An antenna element 18 is made of a conductive material on an interior surface of the upper member 11a sandwiching an adhesive layer 17 made of a dielectric material. The antenna element 18 is connected to the wireless communication circuit by the power feeding line of the substrate 16 and by a connection member 19. The connection member 19 may be a spring connector.

In order to form a conductor pattern on the surface of the dielectric material, there has been known a method for chemically roughening the surface by etching the surface and providing the surface with a plating layer by means of a so-called anchoring effect. However, in a compact wireless communication device, for example a cellular phone, a dielectric material exhibiting high mechanical strength is used for a base material for the case in order to reduce the thickness of the case, and hence a sufficient etching effect may not be yielded.

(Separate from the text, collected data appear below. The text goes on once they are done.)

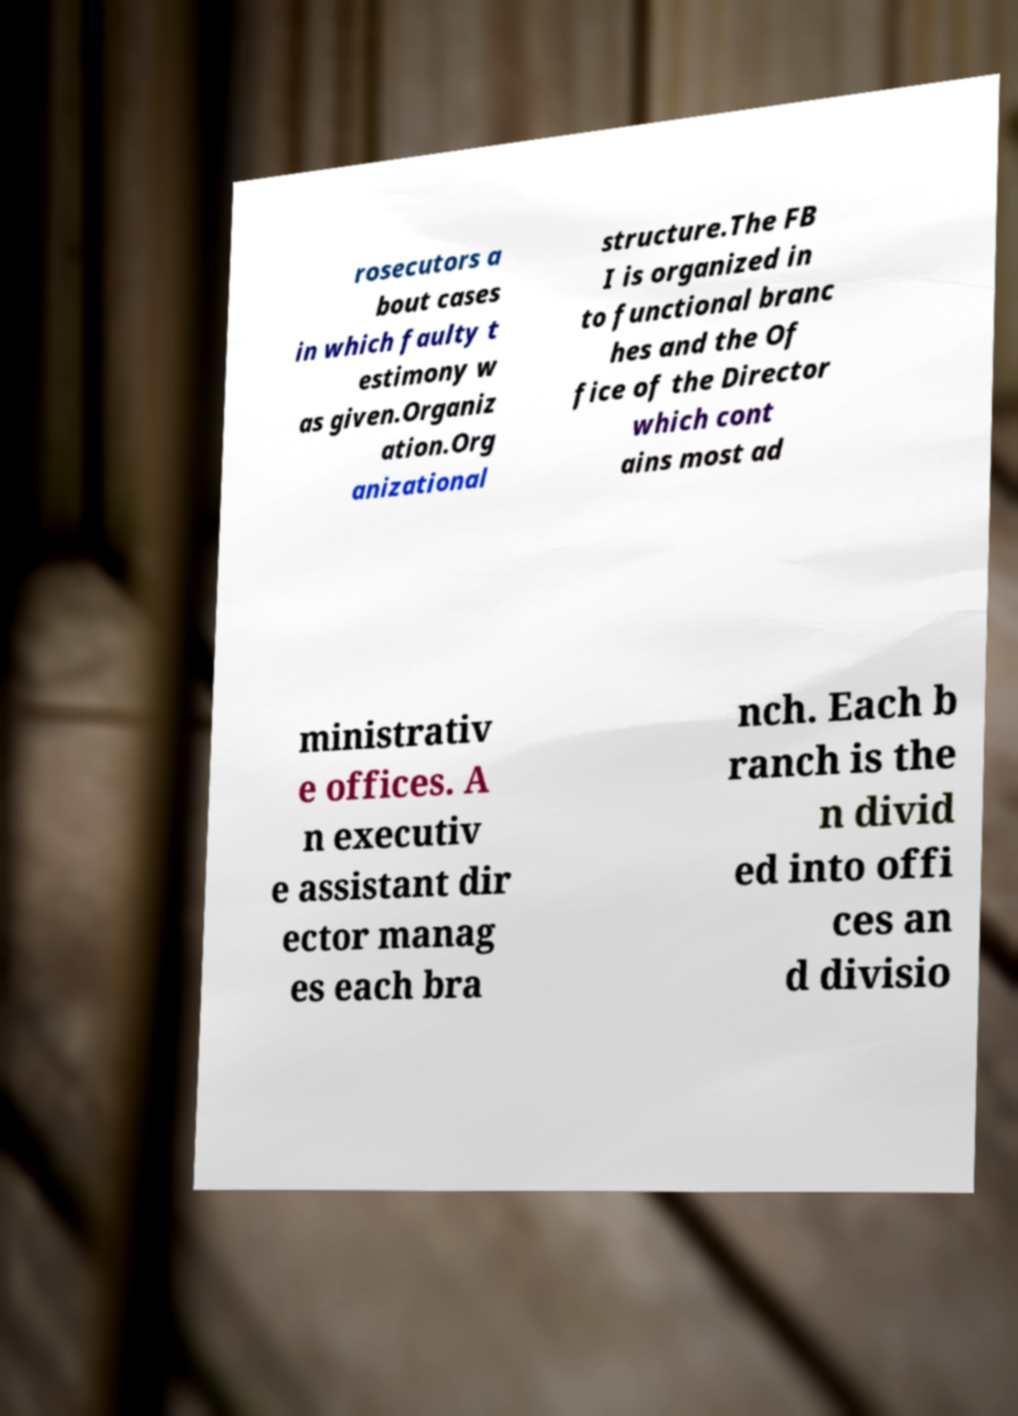There's text embedded in this image that I need extracted. Can you transcribe it verbatim? rosecutors a bout cases in which faulty t estimony w as given.Organiz ation.Org anizational structure.The FB I is organized in to functional branc hes and the Of fice of the Director which cont ains most ad ministrativ e offices. A n executiv e assistant dir ector manag es each bra nch. Each b ranch is the n divid ed into offi ces an d divisio 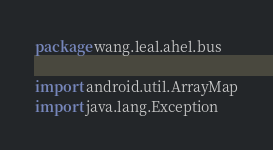Convert code to text. <code><loc_0><loc_0><loc_500><loc_500><_Kotlin_>package wang.leal.ahel.bus

import android.util.ArrayMap
import java.lang.Exception
</code> 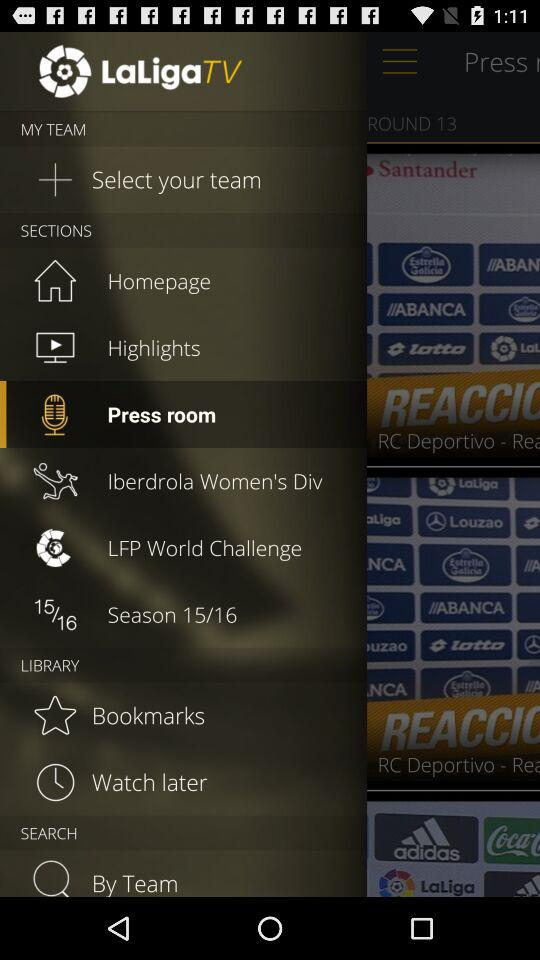What is the mentioned season? The mentioned season is 2015-16. 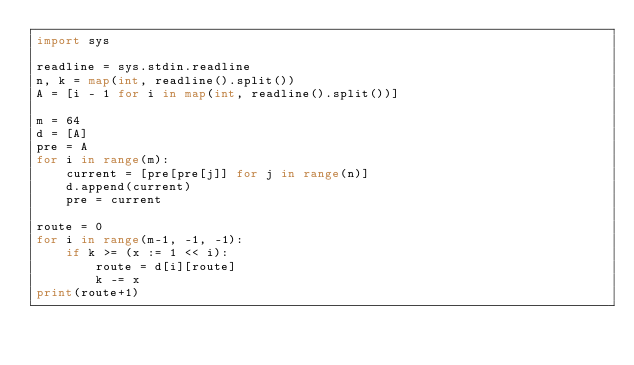<code> <loc_0><loc_0><loc_500><loc_500><_Python_>import sys

readline = sys.stdin.readline
n, k = map(int, readline().split())
A = [i - 1 for i in map(int, readline().split())]

m = 64
d = [A]
pre = A
for i in range(m):
    current = [pre[pre[j]] for j in range(n)]
    d.append(current)
    pre = current

route = 0
for i in range(m-1, -1, -1):
    if k >= (x := 1 << i):
        route = d[i][route]
        k -= x
print(route+1)
</code>

Accordingly, instead of etching the interior surface of the upper member 11a, an adhesive layer 17 of a type (an acrylic adhesive, an alkyd-based adhesive, an urethane-based adhesive, an epoxy-based adhesive, and the like), which is used as an undercoating covering the entirety or at least a portion of the interior surface, may be provided, and a medium mixed with a plating catalyst (ink) may be printed on the surface of the adhesive layer in conformance to the shape of the antenna element 18. In order to grow the plating by the catalyst, activation is induced by etching (differing from etching used for yielding the previously-described anchoring effect), thereby treating electroless plating. Thus, the antenna element 18 formed from a conductor pattern can be formed. Alternatively, electrolytic plating may also be performed after performing the electroless plating in order to increase the thickness of plating within a short period of time.

According to the antenna element 18 placed on the adhesive layer 17 as described above, the number of components can be reduced. A plurality of antenna elements can be formed simultaneously through a single process without involvement of occurrence of variations in mounting of components. Because the antenna elements are formed by use of printing technique, a reduction in initial cost due to elimination of metal molds and shortening of a lead time for fine adjustment can be attained. Further, when compared with a case where the antenna element 18 is arranged directly on the interior surface of the upper member 11a, an advantage of high selectively of a resin material for the upper member 11a (a wide range of choice) can be obtained as a result of intervention of the adhesive layer 17.

A coating layer 20 made of a dielectric material is provided so as to cover the entirety or a portion of an exterior surface of the upper member 11a. The coating layer 20 is made of a material such as a hardening resin. The coating layer 20 serves as designing surface paint for finishing the exterior surface of the wireless communication device 1. The coating layer 20 may also be an exterior panel made of a material such as a transparent or translucent resin. The coating layer 20 may also be formed as a designing surface formed by dual molding.

FIG. 3 is a perspective view showing the external appearance of wireless communication device 2 according to a second embodiment of the present invention. The wireless communication device 2 includes a first case 21 and a second case 22 being pivotably connected together by a hinge portion 23. FIG. 3 shows a state where the first case 21 and the second case 22 are closed. The first case 21 has a sub display 24 having a display device such as a liquid-crystal display device. An antenna element 25 made of a conductor pattern is formed on an exterior surface of the first case 21.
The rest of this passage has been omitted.